Recorded data
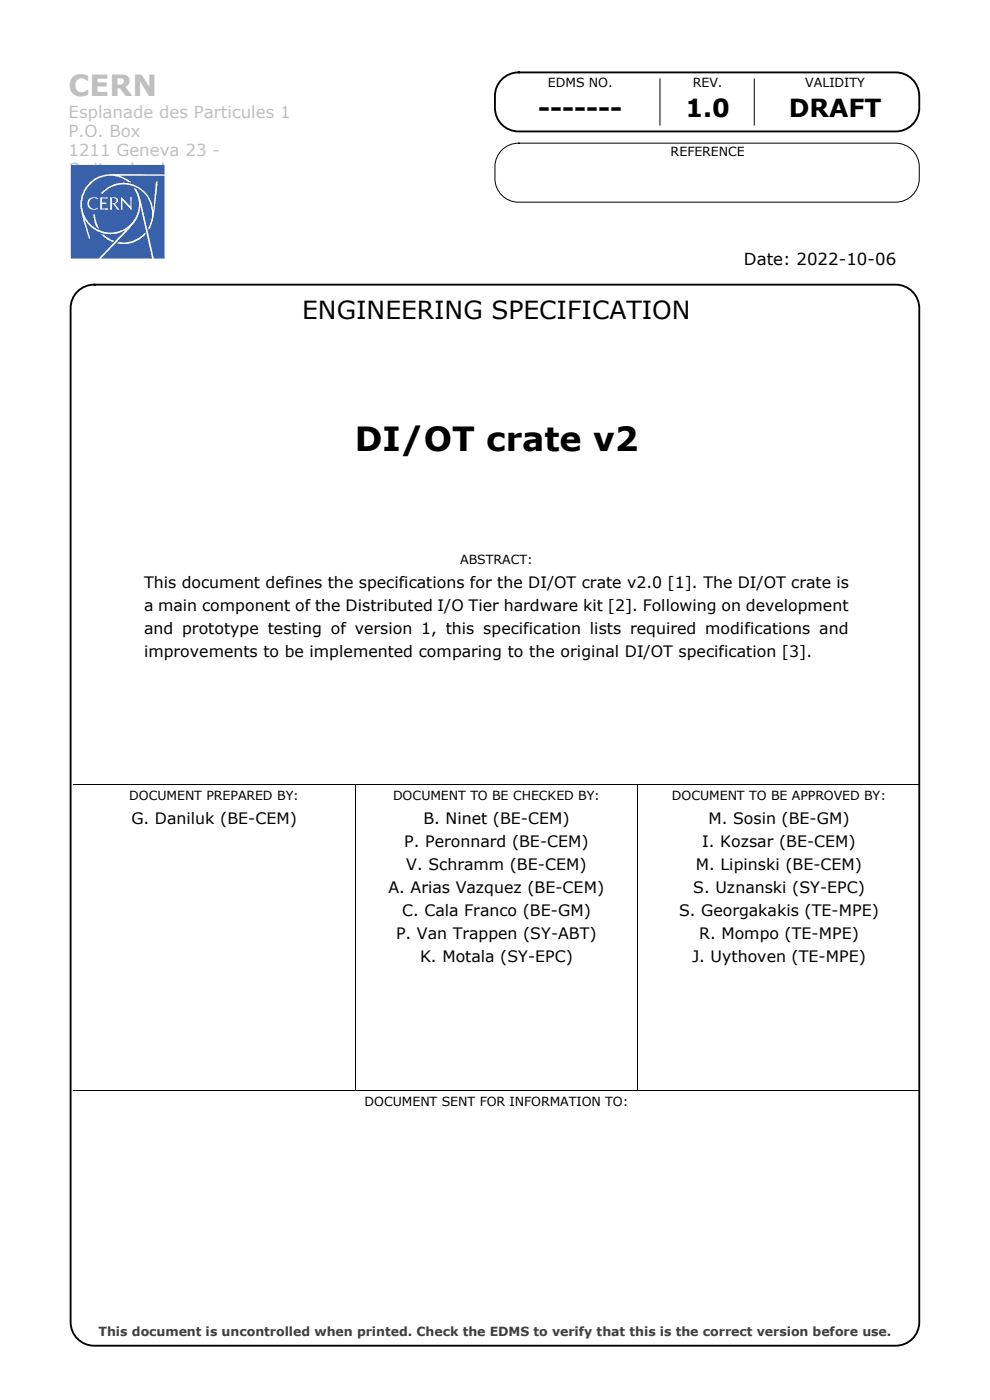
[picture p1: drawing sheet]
<svg xmlns="http://www.w3.org/2000/svg" width="210mm" height="297mm" viewBox="0 0 210 297" stroke-linecap="round" stroke-linejoin="round" font-family="sans-serif">
<defs><g id="words">
<text font-size="7.1" x="75.2" y="95.8">DI/OT crate v2</text>
<text font-size="6.2" fill="#bfbfbf" x="14.5" y="20.4">CERN</text>
<g font-size="5.3">
<text x="114.1" y="24.9">-------</text>
<text x="145.3" y="24.9">1.0</text>
<text x="167.2" y="24.9">DRAFT</text>
<text x="64.1" y="67.8">ENGINEERING SPECIFICATION</text>
</g>
<g font-size="3.5" fill="#bfbfbf">
<text x="14.5" y="25">Esplanade des Particules 1</text>
<text x="14.5" y="29.1">P.O. Box</text>
<text x="14.5" y="33.2">1211 Geneva 23 -</text>
<text x="14.5" y="37.2">Switzerland</text>
</g>
<text font-size="3.5" x="157.7" y="56.2">Date: 2022-10-06</text>
<g font-size="3.3">
<text x="30.5" y="124.7">This document defines the specifications for the DI/OT crate v2.0 [1]. The DI/OT crate is</text>
<text x="30.5" y="129.6">a main component of the Distributed I/O Tier hardware kit [2]. Following on development</text>
<text x="30.5" y="134.5">and prototype testing of version 1, this specification lists required modifications and</text>
<text x="30.5" y="139.4">improvements to be implemented comparing to the original DI/OT specification [3].</text>
<text x="27.9" y="174.8">G. Daniluk (BE-CEM)</text>
<text x="85.7" y="179.6">P. Peronnard (BE-CEM)</text>
<text x="89.8" y="174.8">B. Ninet (BE-CEM)</text>
<text x="148.9" y="179.6">I. Kozsar (BE-CEM)</text>
<text x="150.2" y="174.8">M. Sosin (BE-GM)</text>
<text x="86.1" y="184.6">V. Schramm (BE-CEM)</text>
<text x="147.5" y="184.6">M. Lipinski (BE-CEM)</text>
<text x="82.4" y="189.4">A. Arias Vazquez (BE-CEM)</text>
<text x="147" y="189.4">S. Uznanski (SY-EPC)</text>
<text x="85.2" y="194.3">C. Cala Franco (BE-GM)</text>
<text x="144" y="194.3">S. Georgakakis (TE-MPE)</text>
<text x="84" y="199.2">P. Van Trappen (SY-ABT)</text>
<text x="148.2" y="199.2">R. Mompo (TE-MPE)</text>
<text x="89" y="204.1">K. Motala (SY-EPC)</text>
<text x="146.7" y="204.1">J. Uythoven (TE-MPE)</text>
</g>
<g font-size="2.7">
<text x="116.1" y="18.4">EDMS NO.</text>
<text x="146.9" y="18.4">REV.</text>
<text x="170.7" y="18.4">VALIDITY</text>
<text x="142.2" y="33.2">REFERENCE</text>
<text x="97.6" y="119.6">ABSTRACT:</text>
<text x="27.4" y="169.7">DOCUMENT PREPARED BY:</text>
<text x="83.3" y="169.7">DOCUMENT TO BE CHECKED BY:</text>
<text x="142.4" y="169.7">DOCUMENT TO BE APPROVED BY:</text>
<text x="77.3" y="234.7">DOCUMENT SENT FOR INFORMATION TO:</text>
</g>
<text font-size="2.7" fill="#404040" x="20.9" y="283.4">This document is uncontrolled when printed. Check the EDMS to verify that this is the correct version before use.</text>
</g></defs>
<path d="M106.7 16.5a5 5 0 0 1 3.2-1.1h80a5 5 0 0 1 5 5 7.2 7.2 0 0 1-1.2 5.7 5 5 0 0 1-3.8 1.8h-80a5 5 0 0 1-5-5 7.2 7.2 0 0 1 1.2-5.8zM109.9 15.4h.1M16.1 62.2a5 5 0 0 1 3.9-1.8h169.9a5 5 0 0 1 5 5v215.1a5 5 0 0 1-5 5h-169.9a5 5 0 0 1-5-5v-215.1a5 5 0 0 1 1.1-3.2zM20 60.4h.1" fill="none" stroke="#000" stroke-width=".4"/>
<path d="M139.9 16.6v10M159.9 16.6v10M106.7 31.6a5 5 0 0 1 3.2-1.2h80a5 5 0 0 1 5 5 7.2 7.2 0 0 1-1.2 5.7 5 5 0 0 1-3.8 1.8h-80a5 5 0 0 1-5-5 7.3 7.3 0 0 1 1.2-5.7zM109.9 30.4h.1" fill="none" stroke="#000" stroke-width=".21"/>
<path d="M29.7 43.5a7.7 7.7 0 0 1-2.7 5.5l-5.7 5.9h11zM24.9 51.6a1.3 1.3 0 0 1 1.3-.1 6.2 6.2 0 0 0 4.6-2.2v.4a6 6 0 0 1-5.9 1.9zM15 35v19.9h5.9l5.9-6.3a6.2 6.2 0 0 1-8.9-2.2l1.2 4.3h-.2l-1-3.2a9.2 9.2 0 0 1-.2-6.9 6.8 6.8 0 0 1 6.8-3.7l10.4 .1v-2zM21.3 49.6l.7 .2 1.1 .8 1.1 .5-.3 .3-.9-.5zM19.2 39.1a6 6 0 0 0-.3 8.2 6 6 0 0 0 8.3 .7 6 6 0 0 0 1.1-8.2l.2 .1a2.85 2.85 0 0 1 1.2 2.2l2.9 12.8h2.3v-17.6h-9.7l1.4 .6 1.3 .8-.7-.1a6 6 0 0 0-8 .5zM18.8 42.4a1.81 1.81 0 0 1 2-.4l-.1 .3a1.13 1.13 0 0 0-1.5 .1 1.13 1.13 0 0 0 0 1.6 1.13 1.13 0 0 0 1.6 0 1.26 1.26 0 0 1-1.4 .4 1.26 1.26 0 0 1-.9-1.2zM19.8 45.5h.3l.3 1.4 .7 1.7-.3-.2a3.1 3.1 0 0 1-1-2.5zM21.3 41.9h1.5v.2h-1.2v.7v.2h1v.2l-1 .1v.9h1.2v.3h-1.5zM23.3 41.9h.3a1.09 1.09 0 0 1 1.4 .6 .76 .76 0 0 1-.7 .7l1 1.3h-.4l-1.1-1.3-.1 1.3h-.4zM25.7 41.9h.1l1.9 1.9-.1-1.9h.4v2.6h-.2l-1.9-2v2h-.2zM21.9 40.5a6.4 6.4 0 0 1 6.5-1.3 6.4 6.4 0 0 1 4.1 5.3l.6-6h.3l-.3 3.1a22.2 22.2 0 0 1-1.3 6.8l-.2 .4-.1-.3a6.6 6.6 0 0 0-2.4-8.6 6 6 0 0 0-7.4 1.3l-.3-.2zM23.7 42v1.1a.59 .59 0 0 0 1-.4 .59 .59 0 0 0-.8-.7z" fill="#3861aa"/>
<path d="M15.5 166.4h59.8M75.3 166.4v65M75.4 166.4h59.8M135.2 166.4v65M135.2 166.4h59.9M15.5 231.4h59.8M75.4 231.4h59.8M135.2 231.4h59.9" fill="none" stroke="#000" stroke-width=".21"/>
<g fill="#000">
<path d="M75.3 166.4h.1z" fill-rule="evenodd"/>
<path d="M75.3 231.4l.1 .1z" fill-rule="evenodd"/>
<path d="M135.2 231.4v.1z" fill-rule="evenodd"/>
</g>
<use href="#words"/>
</svg>

Your goal:
Your job is to copy out every line from the records above that has the word "bfbfbf".

Solution to this task:
<text font-size="6.2" fill="#bfbfbf" x="14.5" y="20.4">CERN</text>
<g font-size="3.5" fill="#bfbfbf">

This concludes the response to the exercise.